Вечерний звон на Лубянке (Гончаров) - страница 3

Невозможно другое. Никакие, пусть просто забавные подробности из засекреченного на сорок лет дела операции «Трест» не могли стать доступными ни Ильфу с Петровым, ни еще кому бы то ни было. Кстати, понимал это и Остап Бейдер: «Полная тайна вкладов, то есть организации. Крепитесь...» И все же некоторые подробности секретной операции разошлись вскоре гигантским тиражом. Более того, в романе присутствует пародийное описание тайного общества «Меча и орала», когда голодный Остап идентифицировал личность наголо обритого Кисы Воробьянинова, как «гиганта мысли, отца русской демократии и особы, приближенной к императору». При наличии отсутствия у него иных достоинств, кроме умения надувать щеки.

Это карикатурный портрет самого Василия Шульгина. И это убийственная пародия на все еще существующий в подполье легендарный «Трест». Вот ведь и роман «Двенадцать стульев» строго расчислен по времени. 15 апреля 1927 года начинается его действие, в конце октября того же года завершается либеральным убийством Остапа Бендера. Так неужели неулыбчивому руководству ОГПУ приспичило слегка похохмить над секретным своим детищем, которое пестовали долгих пять лет?

Однако начальник контрразведки ОГПУ Артур Артузов - не гробовых дел мастер Безенчук, который кисть дает, а зампред ведомства Вячеслав Менжинский отнюдь не цирюльный мастер «Пьер и Константин», охотно отзывавшийся на имя Андрей Иванович. «Трест» контролировал сам Дзержинский.

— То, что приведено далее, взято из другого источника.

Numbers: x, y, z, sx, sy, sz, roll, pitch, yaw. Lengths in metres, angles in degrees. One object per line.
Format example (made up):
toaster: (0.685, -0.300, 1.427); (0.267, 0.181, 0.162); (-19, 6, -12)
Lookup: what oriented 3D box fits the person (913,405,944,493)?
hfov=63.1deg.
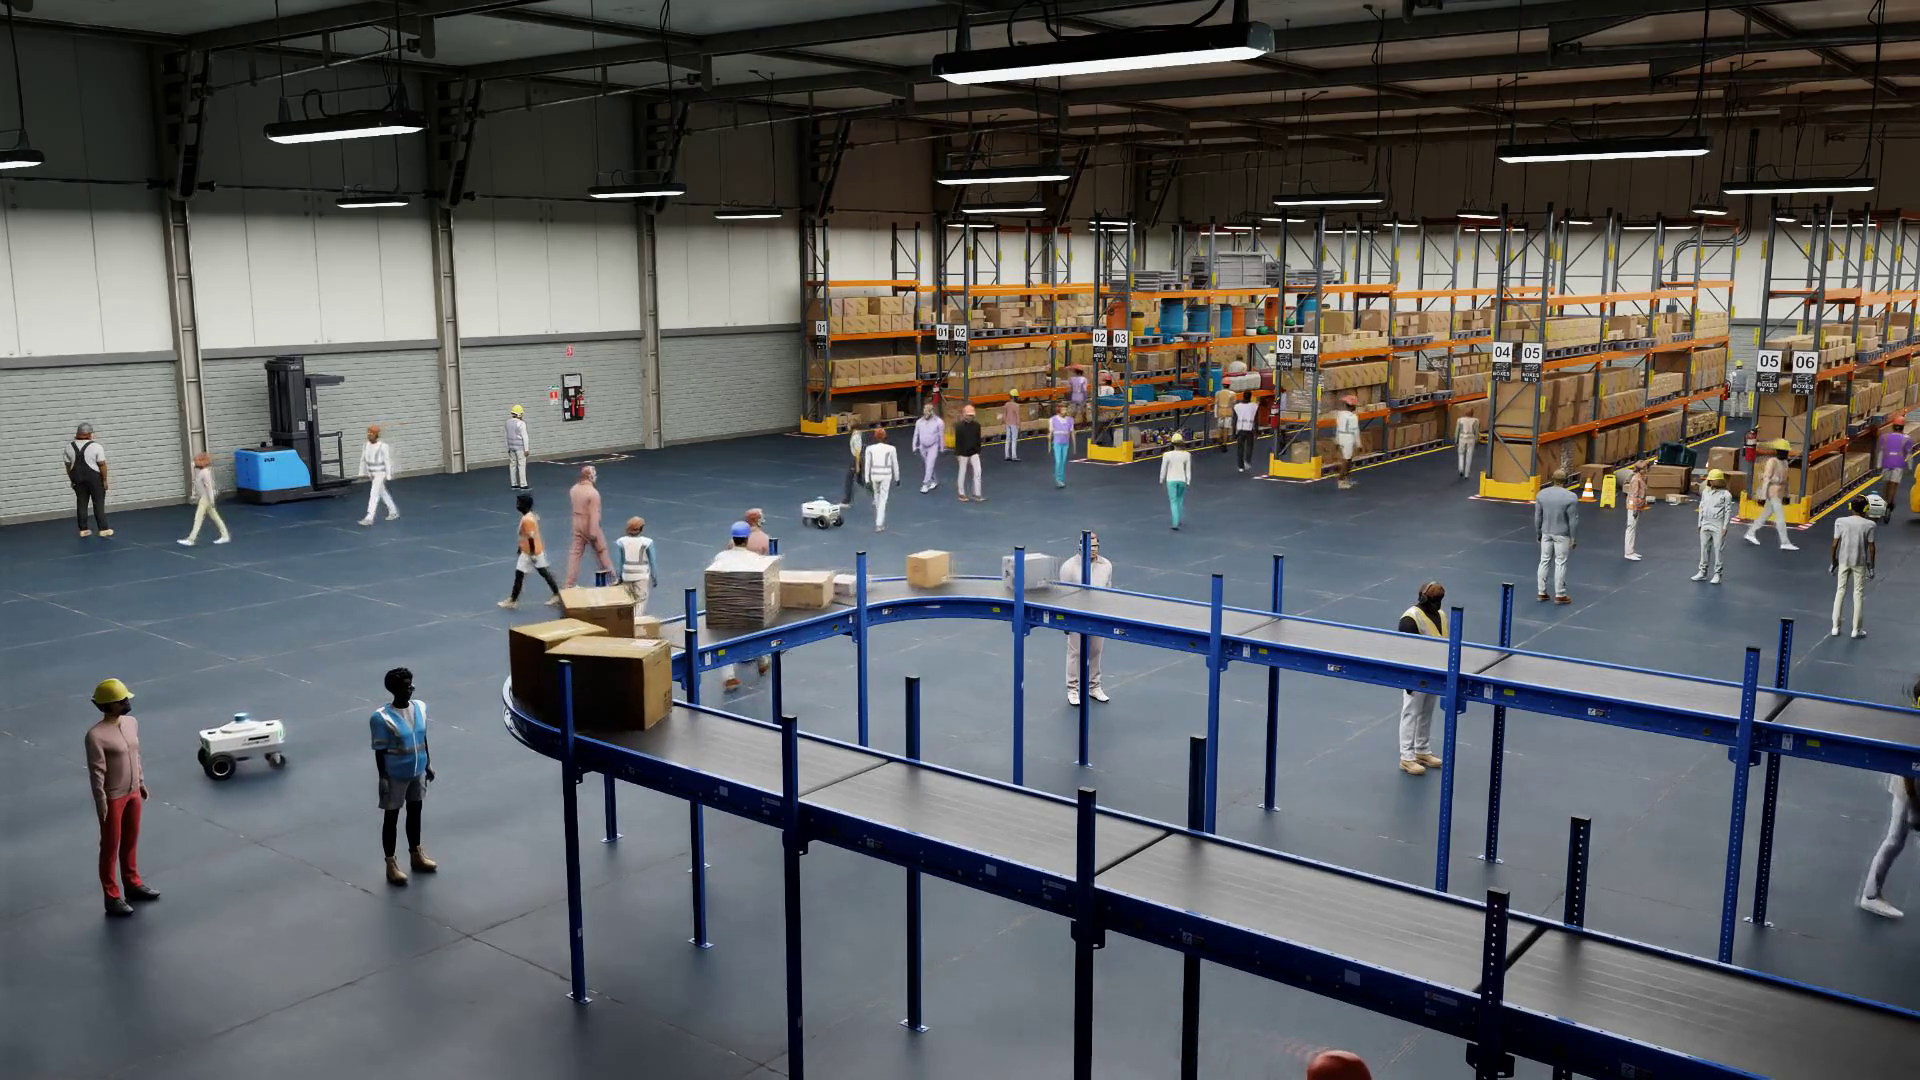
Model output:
person: (-0.668, -1.963, 33.308); (0.662, 1.860, 1.007); (5, 11, 25)

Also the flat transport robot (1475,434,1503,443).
flat transport robot: (14.605, -2.772, 42.422); (1.431, 0.197, 0.652); (-3, 11, -17)

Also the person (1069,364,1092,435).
person: (3.368, -3.953, 44.125); (0.635, 1.982, 1.067); (7, 12, 35)

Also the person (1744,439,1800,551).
person: (13.898, -0.804, 26.707); (0.602, 1.885, 0.971); (-8, 13, -38)

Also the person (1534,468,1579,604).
person: (8.528, -0.064, 22.367); (0.359, 1.937, 0.635); (-9, 13, -41)

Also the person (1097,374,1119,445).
person: (3.933, -3.509, 41.914); (0.983, 1.896, 0.563); (-6, 11, -29)

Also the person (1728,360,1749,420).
person: (24.070, -4.641, 48.429); (0.598, 1.830, 0.403); (0, 10, 1)

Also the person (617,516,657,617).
person: (-4.182, 0.502, 20.116); (0.524, 1.611, 0.754); (2, 10, 13)

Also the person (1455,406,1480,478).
person: (11.476, -2.215, 35.375); (0.548, 1.619, 0.559); (4, 11, 20)

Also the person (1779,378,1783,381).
person: (23.995, -4.317, 46.382); (0.648, 1.908, 0.819); (-5, 11, -27)

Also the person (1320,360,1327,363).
person: (12.153, -5.506, 52.834); (0.375, 1.997, 0.612); (-9, 14, -42)

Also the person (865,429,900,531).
person: (-1.415, -1.115, 28.585); (0.586, 1.831, 0.970); (3, 10, 15)

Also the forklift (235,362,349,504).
forklift: (-13.803, -2.244, 32.110); (1.129, 2.768, 1.873); (8, 13, 37)

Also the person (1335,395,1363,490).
person: (8.415, -2.086, 33.523); (0.803, 2.016, 0.652); (-4, 11, -21)

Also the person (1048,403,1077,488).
person: (2.248, -2.025, 33.700); (0.602, 1.824, 0.692); (-4, 11, -23)

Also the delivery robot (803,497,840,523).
delivery robot: (-2.568, -0.555, 28.883); (0.707, 0.478, 0.477); (7, 12, 36)

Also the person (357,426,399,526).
person: (-10.883, -1.222, 29.221); (0.581, 1.836, 1.005); (6, 12, 31)

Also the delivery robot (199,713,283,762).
delivery robot: (-6.892, 1.908, 15.019); (0.707, 0.478, 0.477); (-6, 12, -33)

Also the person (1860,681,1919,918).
person: (7.138, 1.930, 11.466); (0.566, 1.829, 0.852); (-9, 13, -41)

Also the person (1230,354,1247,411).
person: (9.101, -5.167, 51.219); (0.645, 1.902, 0.991); (9, 14, 42)

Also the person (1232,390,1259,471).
person: (6.672, -2.564, 36.541); (0.621, 1.895, 0.581); (3, 10, 16)

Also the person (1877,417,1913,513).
person: (18.120, -1.447, 30.322); (0.565, 1.885, 1.018); (9, 14, 42)

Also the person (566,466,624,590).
person: (-5.463, -0.173, 23.221); (0.648, 1.855, 0.999); (8, 13, 37)

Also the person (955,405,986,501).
person: (0.218, -1.744, 31.753); (0.643, 1.955, 0.893); (-6, 12, -29)

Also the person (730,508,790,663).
person: (-2.435, 0.532, 19.187); (0.679, 1.868, 0.903); (6, 12, 29)

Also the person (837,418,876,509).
person: (-1.986, -1.528, 31.005); (0.882, 1.812, 0.511); (1, 10, 3)

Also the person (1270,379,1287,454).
person: (8.080, -3.120, 39.600); (0.496, 1.924, 0.569); (-6, 12, -31)

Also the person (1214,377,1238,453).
person: (6.882, -3.236, 40.326); (0.557, 1.907, 0.828); (5, 11, 26)

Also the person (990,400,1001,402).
person: (1.024, -4.159, 45.597); (0.328, 1.876, 0.515); (-9, 14, -42)

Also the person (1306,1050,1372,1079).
person: (1.441, 2.859, 5.964); (0.566, 1.917, 0.555); (7, 12, 34)

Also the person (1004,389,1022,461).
person: (1.307, -2.819, 38.364); (0.327, 1.767, 0.533); (-8, 13, -39)

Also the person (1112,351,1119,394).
person: (5.300, -5.561, 53.233); (0.367, 1.965, 0.604); (-4, 11, -22)

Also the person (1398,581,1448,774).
person: (4.459, 1.299, 14.992); (0.621, 1.837, 0.429); (-9, 13, -41)

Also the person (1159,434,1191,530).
person: (3.920, -1.086, 28.718); (0.527, 1.733, 0.845); (-2, 10, -13)

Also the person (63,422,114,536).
person: (-15.492, -1.070, 27.861); (0.687, 2.000, 0.535); (0, 10, -1)

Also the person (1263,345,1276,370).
person: (11.448, -6.243, 57.475); (0.611, 1.829, 0.481); (1, 10, 8)

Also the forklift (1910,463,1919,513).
forklift: (19.034, -1.348, 28.998); (2.313, 2.155, 1.214); (8, 13, 37)

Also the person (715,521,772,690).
person: (-2.494, 0.722, 18.040); (0.643, 1.897, 0.970); (3, 11, 17)

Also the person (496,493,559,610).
person: (-6.038, 0.149, 21.995); (0.911, 1.647, 0.538); (-1, 10, -7)

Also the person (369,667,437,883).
person: (-4.394, 1.833, 12.370); (0.320, 1.697, 0.531); (6, 12, 30)

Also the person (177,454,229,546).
person: (-13.047, -0.693, 26.898); (0.861, 1.588, 0.505); (-7, 12, -33)

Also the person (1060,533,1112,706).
person: (1.416, 0.858, 17.268); (0.641, 1.908, 0.407); (-5, 11, -25)

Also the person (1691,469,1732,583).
person: (11.447, -0.217, 23.787); (0.317, 1.741, 0.493); (-6, 12, -31)

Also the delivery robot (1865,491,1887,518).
delivery robot: (17.274, -0.679, 29.581); (0.477, 0.478, 0.707); (4, 11, 21)

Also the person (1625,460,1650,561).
person: (11.090, -0.499, 25.661); (0.314, 1.639, 0.515); (6, 12, 29)

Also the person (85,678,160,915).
person: (-6.311, 1.905, 11.761); (0.296, 1.772, 0.533); (1, 10, 7)

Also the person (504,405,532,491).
person: (-9.429, -1.972, 33.405); (0.600, 1.829, 0.404); (6, 12, 29)

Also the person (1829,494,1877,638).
person: (11.613, 0.329, 20.356); (0.532, 1.868, 0.310); (9, 13, 40)

Спустя год после его скоропостижной смерти «подполье» еще числилось действующим, и лишь где-то в середине 1927 года Менжинского вызвал Сталин и велел свертывать операцию, сказав при этом следующее: «Организация «Трест» завоевала такой авторитет, что стала мешать нашей хозяйственной деятельности и торговым связям с капиталистами, которые начинают думать о ней как о теневом кабинете».

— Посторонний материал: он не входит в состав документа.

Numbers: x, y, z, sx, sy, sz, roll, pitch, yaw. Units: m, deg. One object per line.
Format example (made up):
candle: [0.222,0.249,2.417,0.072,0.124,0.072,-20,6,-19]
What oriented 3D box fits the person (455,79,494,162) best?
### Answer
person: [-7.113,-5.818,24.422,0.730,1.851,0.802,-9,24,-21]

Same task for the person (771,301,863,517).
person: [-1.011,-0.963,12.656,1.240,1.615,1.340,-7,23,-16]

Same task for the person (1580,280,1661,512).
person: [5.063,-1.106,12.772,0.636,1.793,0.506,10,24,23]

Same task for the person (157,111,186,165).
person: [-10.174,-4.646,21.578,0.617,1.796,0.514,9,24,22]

То есть тридцать или сорок чекистов, задействованных во всех трех операциях, составили опасную конкуренцию хозяйственной деятельности огромной страны, причем на Западе, несмотря на череду громких провалов, ожидали благоприятного развития событий и не торопились налаживать связи с официальным советским правительством.

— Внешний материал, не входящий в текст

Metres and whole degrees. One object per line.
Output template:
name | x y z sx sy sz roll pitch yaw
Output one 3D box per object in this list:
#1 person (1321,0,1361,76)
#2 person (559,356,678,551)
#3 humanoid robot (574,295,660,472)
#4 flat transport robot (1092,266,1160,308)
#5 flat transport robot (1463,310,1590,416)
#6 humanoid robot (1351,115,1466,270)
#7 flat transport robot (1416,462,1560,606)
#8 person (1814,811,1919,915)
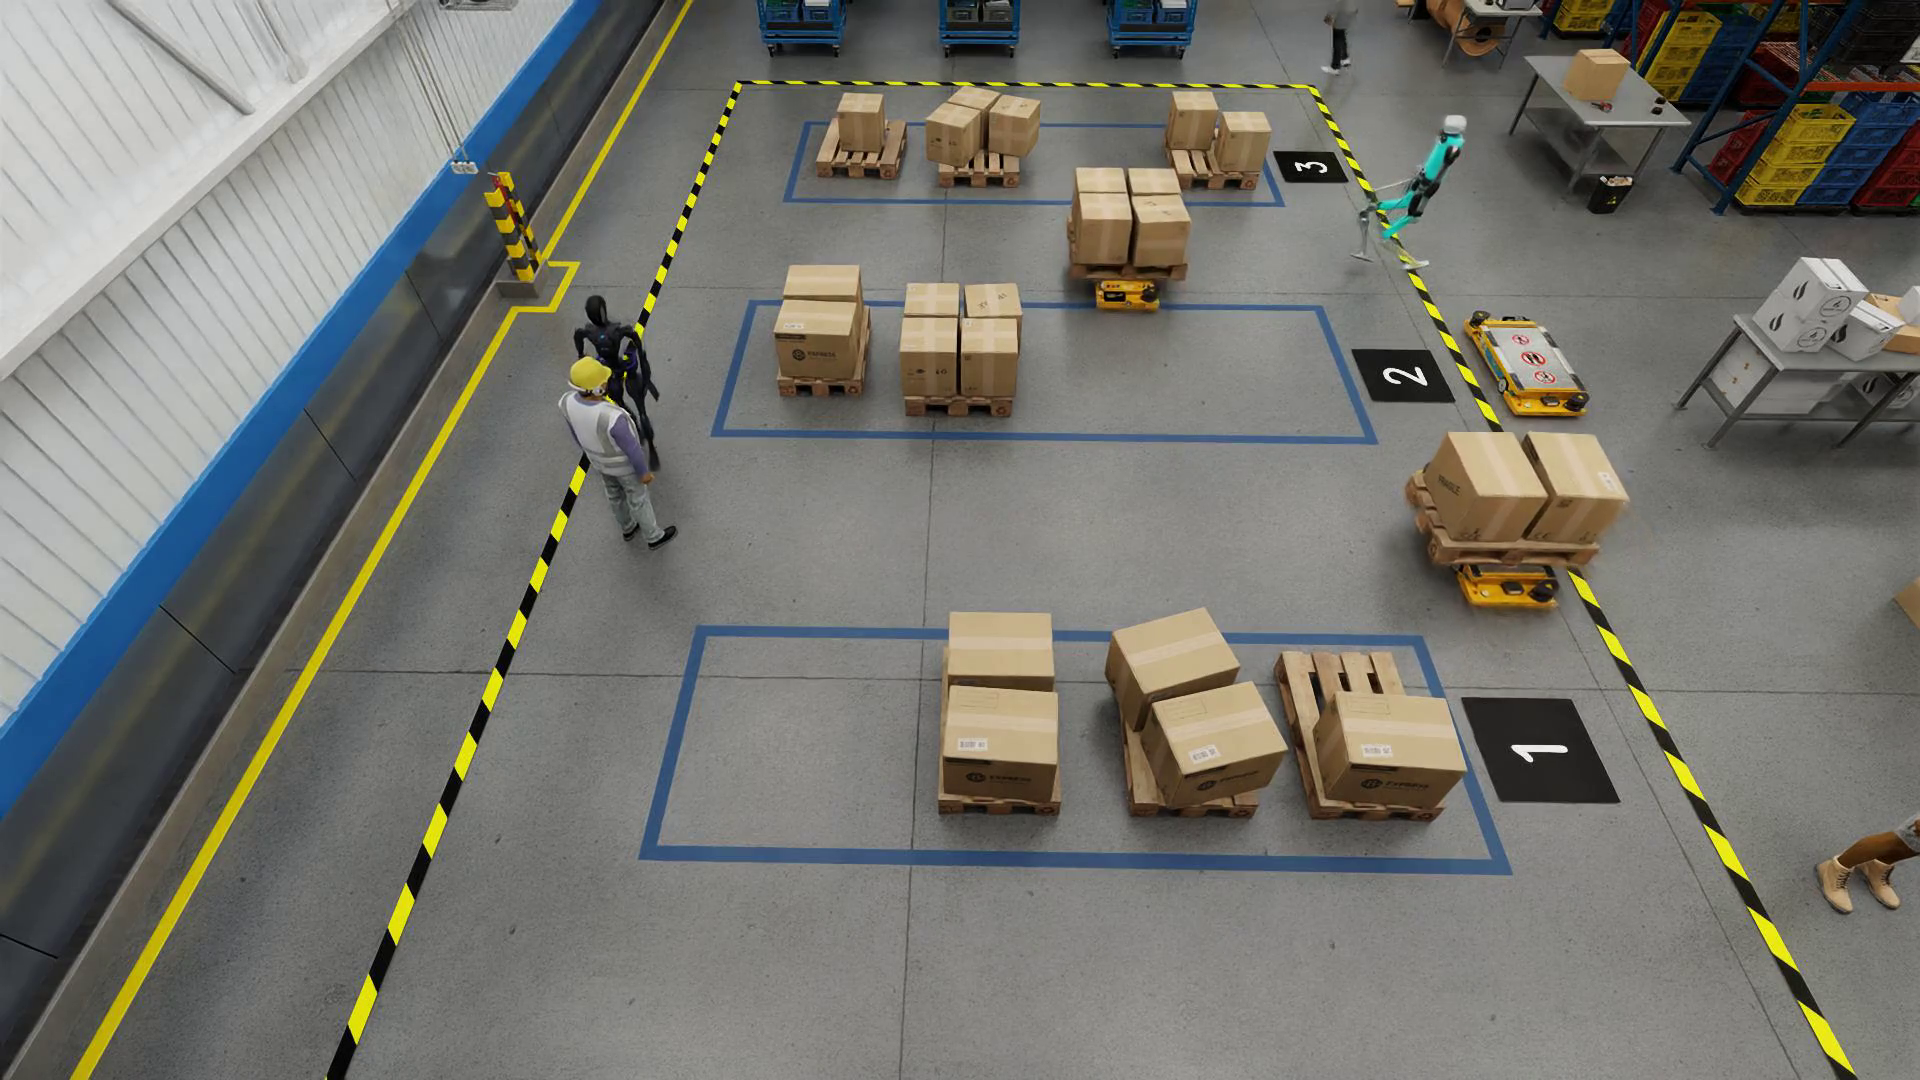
person | 5.460 -7.609 13.102 0.630 1.813 0.479 -37 58 -27
person | -2.631 -0.639 7.056 0.604 1.828 0.403 21 52 17
humanoid robot | -2.888 -1.329 7.761 0.585 1.633 0.690 -7 50 -6
flat transport robot | 1.802 -3.070 10.173 0.652 0.197 1.431 1 49 1
flat transport robot | 5.573 -1.757 9.054 0.659 0.231 1.431 1 49 1
humanoid robot | 4.689 -3.622 9.708 1.034 1.740 0.539 10 50 9
flat transport robot | 4.334 -0.076 7.581 0.652 0.197 1.431 1 49 1
person | 5.645 1.522 5.041 0.606 2.048 0.366 -2 49 -2

Эмигрантская клиентура опасалась даже ненароком бросить тень на руководителей «Треста», включая не вызывавшего доверия казначея Опперпута-Стауница. Слова лишнего не давали сказать. Василий Шульгин, благополучно вернувшись из «турне» по России, написал очерк о драматической судьбе Сиднея Рейли для эмигрантской газеты «Возрождение». Печатать не разрешили: «Повремените, Василий Витальевич, с этим вашим Рейли. Как долго? Трудно сказать. От вчера до послезавтра. О плохом и трудном сейчас не надо, чтобы не повредить нашему делу там...»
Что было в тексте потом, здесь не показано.